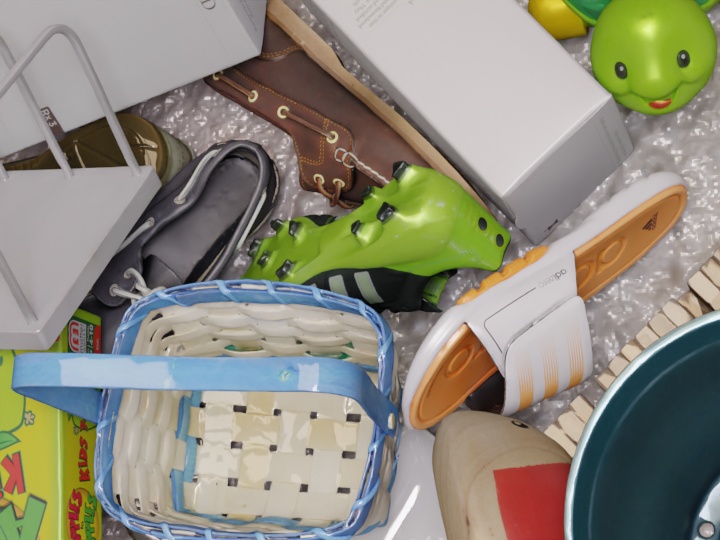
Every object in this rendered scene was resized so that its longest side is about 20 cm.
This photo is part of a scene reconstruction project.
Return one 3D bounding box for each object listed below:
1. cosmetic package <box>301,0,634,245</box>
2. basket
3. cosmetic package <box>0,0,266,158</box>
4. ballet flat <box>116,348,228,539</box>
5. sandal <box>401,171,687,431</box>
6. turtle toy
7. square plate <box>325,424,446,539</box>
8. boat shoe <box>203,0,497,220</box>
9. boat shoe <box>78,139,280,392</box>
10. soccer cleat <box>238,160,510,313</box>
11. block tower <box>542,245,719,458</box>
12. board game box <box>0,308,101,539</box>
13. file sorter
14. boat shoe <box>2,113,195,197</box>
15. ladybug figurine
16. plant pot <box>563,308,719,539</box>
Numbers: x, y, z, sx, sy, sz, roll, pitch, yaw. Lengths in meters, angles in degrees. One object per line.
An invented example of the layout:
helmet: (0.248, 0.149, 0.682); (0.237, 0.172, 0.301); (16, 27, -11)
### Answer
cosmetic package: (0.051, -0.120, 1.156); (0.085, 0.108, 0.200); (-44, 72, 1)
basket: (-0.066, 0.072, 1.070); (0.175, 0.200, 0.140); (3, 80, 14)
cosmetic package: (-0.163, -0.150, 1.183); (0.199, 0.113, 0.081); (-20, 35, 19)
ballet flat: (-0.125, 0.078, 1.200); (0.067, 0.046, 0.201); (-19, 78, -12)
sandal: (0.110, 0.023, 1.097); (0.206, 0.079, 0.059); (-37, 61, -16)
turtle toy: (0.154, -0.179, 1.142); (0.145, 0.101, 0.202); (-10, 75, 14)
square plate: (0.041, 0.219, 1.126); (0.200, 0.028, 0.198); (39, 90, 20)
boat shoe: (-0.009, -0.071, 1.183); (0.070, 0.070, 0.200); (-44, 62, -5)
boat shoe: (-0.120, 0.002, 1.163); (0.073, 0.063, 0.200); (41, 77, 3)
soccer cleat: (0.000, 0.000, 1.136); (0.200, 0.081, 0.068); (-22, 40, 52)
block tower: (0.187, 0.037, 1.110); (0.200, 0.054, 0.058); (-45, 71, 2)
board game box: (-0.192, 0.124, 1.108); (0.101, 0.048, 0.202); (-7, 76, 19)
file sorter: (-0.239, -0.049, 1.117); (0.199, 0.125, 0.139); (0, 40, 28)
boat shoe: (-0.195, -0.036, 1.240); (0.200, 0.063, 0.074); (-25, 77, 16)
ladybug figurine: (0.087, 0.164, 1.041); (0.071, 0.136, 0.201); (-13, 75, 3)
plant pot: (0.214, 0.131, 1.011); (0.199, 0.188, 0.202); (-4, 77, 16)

******

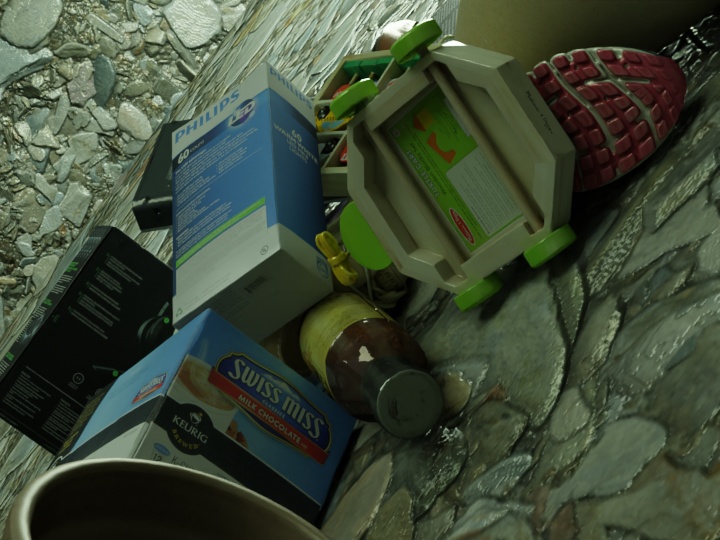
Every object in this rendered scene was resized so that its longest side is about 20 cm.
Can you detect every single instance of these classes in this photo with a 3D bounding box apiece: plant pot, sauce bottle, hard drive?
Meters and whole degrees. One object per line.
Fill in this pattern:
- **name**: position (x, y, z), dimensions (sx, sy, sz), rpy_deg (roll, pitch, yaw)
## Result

******

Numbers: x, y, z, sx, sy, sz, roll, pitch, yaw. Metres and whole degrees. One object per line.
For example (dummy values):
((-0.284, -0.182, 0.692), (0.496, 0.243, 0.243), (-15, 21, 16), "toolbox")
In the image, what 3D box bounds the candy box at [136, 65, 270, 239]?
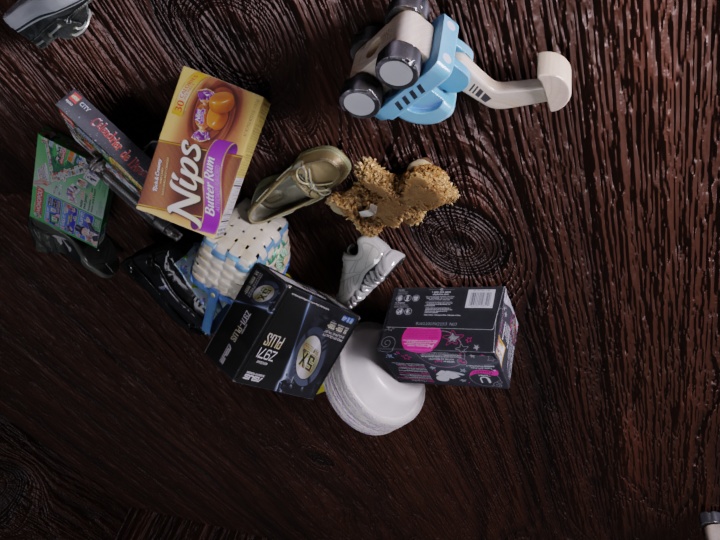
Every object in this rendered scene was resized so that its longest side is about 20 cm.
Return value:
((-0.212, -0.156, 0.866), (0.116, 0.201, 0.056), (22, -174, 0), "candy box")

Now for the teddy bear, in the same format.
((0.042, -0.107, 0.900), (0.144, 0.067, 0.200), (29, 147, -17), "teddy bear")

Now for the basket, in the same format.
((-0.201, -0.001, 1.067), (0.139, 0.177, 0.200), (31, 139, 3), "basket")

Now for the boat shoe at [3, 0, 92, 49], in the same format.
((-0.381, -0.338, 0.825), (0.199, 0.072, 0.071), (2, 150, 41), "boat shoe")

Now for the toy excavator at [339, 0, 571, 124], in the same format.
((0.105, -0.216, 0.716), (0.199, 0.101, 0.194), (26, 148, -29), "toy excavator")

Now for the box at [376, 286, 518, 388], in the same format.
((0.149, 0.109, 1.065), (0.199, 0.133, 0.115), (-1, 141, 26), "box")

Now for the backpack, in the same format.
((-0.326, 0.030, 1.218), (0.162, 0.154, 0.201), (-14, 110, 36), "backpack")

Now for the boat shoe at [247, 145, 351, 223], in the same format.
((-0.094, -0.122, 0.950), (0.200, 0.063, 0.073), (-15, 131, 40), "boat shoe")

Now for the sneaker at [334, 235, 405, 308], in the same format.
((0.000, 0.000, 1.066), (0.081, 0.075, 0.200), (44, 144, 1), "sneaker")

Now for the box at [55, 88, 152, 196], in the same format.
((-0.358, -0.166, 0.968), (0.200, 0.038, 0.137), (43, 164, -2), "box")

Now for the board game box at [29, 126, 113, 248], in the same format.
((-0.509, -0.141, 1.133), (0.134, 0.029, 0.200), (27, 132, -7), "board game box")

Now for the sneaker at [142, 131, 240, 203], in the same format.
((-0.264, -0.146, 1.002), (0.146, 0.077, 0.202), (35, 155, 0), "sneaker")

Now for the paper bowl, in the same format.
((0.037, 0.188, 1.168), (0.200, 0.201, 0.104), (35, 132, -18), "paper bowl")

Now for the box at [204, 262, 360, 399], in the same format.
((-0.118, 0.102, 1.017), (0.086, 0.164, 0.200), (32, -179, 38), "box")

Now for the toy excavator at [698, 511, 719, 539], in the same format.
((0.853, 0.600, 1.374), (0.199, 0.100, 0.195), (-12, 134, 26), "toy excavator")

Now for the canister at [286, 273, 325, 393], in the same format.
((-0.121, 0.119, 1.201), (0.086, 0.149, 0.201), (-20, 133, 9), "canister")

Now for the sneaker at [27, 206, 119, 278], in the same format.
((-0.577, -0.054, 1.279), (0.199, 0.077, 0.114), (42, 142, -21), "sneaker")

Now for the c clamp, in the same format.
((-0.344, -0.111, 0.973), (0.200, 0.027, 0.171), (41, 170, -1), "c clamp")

******

_Exercise brief:_
Beginning at the line above with "An invented example" and finishing at the line with "helmet: (0.248, 0.149, 0.682);", return each line exactly and return nothing else.

_Completed exercise:_
An invented example of the layout:
helmet: (0.248, 0.149, 0.682); (0.237, 0.172, 0.301); (16, 27, -11)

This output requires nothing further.